What you need to do ▸ Needed from the data below: every line from the one with "4. toy peg board <box>312,356,358,386</box>" up to and including the one with "18. cosmetic package", repeated exactly and with nothing else.

___ Listed entries ___

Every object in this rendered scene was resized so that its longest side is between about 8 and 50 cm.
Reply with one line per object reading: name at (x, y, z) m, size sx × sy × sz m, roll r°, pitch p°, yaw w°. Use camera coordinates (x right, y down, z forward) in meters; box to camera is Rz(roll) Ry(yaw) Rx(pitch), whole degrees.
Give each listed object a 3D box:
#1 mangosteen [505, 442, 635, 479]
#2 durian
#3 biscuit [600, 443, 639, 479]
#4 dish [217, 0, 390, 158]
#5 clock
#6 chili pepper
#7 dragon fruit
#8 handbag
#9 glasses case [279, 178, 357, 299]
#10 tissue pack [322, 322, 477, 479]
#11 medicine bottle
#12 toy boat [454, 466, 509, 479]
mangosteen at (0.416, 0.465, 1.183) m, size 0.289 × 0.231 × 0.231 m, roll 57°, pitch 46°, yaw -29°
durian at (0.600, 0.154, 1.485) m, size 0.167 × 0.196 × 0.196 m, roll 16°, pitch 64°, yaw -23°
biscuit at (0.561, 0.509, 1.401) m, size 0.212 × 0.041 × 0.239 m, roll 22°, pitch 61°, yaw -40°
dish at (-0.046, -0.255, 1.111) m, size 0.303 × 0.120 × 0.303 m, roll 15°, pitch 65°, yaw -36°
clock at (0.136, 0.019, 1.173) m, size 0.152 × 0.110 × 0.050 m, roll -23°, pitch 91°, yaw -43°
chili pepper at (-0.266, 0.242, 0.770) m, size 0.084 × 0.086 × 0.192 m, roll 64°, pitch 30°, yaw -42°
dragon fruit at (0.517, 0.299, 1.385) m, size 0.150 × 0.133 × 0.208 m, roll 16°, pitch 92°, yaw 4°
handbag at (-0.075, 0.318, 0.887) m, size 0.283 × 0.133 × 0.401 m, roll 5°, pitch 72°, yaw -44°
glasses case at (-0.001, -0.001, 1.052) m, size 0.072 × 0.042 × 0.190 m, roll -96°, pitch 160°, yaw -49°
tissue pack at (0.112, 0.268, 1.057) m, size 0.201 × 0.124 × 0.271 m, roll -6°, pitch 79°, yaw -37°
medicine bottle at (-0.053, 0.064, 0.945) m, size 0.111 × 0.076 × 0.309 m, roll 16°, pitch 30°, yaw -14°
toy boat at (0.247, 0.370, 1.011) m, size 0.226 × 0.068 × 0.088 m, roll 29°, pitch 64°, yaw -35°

___
___ Listed entries ___

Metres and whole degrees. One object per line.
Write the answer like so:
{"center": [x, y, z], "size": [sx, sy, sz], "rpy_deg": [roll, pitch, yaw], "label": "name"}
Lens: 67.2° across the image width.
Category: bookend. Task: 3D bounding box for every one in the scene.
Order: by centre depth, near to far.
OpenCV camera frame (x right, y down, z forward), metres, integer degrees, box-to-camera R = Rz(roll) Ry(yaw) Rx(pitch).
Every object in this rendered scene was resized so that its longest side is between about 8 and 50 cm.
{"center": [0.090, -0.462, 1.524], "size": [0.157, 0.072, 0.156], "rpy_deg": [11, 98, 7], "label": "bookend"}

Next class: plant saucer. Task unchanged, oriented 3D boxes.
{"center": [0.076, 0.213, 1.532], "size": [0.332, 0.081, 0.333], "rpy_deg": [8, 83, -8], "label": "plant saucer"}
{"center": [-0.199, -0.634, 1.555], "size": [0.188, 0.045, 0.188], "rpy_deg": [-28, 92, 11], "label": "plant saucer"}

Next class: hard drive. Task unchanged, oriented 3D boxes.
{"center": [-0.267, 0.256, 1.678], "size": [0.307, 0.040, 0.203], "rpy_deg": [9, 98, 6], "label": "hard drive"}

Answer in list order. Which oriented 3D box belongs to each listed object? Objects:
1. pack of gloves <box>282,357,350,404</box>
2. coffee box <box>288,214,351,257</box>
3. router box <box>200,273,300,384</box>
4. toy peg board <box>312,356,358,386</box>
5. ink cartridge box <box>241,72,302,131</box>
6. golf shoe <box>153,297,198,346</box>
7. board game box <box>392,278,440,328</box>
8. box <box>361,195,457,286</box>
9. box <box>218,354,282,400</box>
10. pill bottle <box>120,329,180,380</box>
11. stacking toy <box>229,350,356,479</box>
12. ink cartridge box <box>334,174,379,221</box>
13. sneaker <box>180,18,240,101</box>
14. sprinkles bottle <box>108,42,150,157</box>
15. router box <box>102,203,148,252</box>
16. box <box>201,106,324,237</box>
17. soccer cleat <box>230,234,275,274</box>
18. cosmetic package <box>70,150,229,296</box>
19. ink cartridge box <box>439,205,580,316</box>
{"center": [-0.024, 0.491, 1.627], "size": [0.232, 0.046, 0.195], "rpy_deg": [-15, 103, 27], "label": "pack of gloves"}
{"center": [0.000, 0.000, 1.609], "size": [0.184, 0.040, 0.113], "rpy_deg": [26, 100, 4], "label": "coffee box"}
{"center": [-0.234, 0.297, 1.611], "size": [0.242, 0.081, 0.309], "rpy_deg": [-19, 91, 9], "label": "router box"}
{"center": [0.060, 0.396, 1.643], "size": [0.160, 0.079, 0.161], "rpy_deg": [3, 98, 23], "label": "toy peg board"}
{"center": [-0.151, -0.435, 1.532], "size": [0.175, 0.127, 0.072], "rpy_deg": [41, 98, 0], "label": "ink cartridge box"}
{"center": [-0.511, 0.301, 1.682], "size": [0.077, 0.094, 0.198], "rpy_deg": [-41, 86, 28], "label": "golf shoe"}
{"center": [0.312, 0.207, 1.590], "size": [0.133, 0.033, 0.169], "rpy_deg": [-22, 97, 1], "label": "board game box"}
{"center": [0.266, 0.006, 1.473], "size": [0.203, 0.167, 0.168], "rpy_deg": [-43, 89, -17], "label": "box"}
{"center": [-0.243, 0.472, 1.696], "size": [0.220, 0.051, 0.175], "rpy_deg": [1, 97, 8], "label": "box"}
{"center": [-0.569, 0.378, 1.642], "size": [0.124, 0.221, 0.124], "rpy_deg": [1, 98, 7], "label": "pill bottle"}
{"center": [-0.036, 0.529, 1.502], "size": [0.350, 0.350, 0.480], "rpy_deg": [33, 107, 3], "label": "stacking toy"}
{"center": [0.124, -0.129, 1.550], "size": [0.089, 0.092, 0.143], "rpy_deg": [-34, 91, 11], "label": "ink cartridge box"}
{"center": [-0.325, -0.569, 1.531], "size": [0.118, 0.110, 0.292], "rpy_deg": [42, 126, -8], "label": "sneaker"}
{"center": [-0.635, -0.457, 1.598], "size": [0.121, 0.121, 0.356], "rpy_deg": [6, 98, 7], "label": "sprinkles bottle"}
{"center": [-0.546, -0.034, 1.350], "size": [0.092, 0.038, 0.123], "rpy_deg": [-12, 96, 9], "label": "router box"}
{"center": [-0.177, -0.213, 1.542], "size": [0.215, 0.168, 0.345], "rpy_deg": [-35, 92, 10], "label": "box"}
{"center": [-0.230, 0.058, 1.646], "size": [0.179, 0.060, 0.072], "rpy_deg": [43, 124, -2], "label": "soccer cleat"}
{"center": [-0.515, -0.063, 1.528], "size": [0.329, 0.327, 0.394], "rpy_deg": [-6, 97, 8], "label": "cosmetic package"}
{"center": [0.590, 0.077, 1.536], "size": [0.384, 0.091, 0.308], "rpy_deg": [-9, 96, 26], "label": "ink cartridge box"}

___

Final answer ▸
4. toy peg board <box>312,356,358,386</box>
5. ink cartridge box <box>241,72,302,131</box>
6. golf shoe <box>153,297,198,346</box>
7. board game box <box>392,278,440,328</box>
8. box <box>361,195,457,286</box>
9. box <box>218,354,282,400</box>
10. pill bottle <box>120,329,180,380</box>
11. stacking toy <box>229,350,356,479</box>
12. ink cartridge box <box>334,174,379,221</box>
13. sneaker <box>180,18,240,101</box>
14. sprinkles bottle <box>108,42,150,157</box>
15. router box <box>102,203,148,252</box>
16. box <box>201,106,324,237</box>
17. soccer cleat <box>230,234,275,274</box>
18. cosmetic package <box>70,150,229,296</box>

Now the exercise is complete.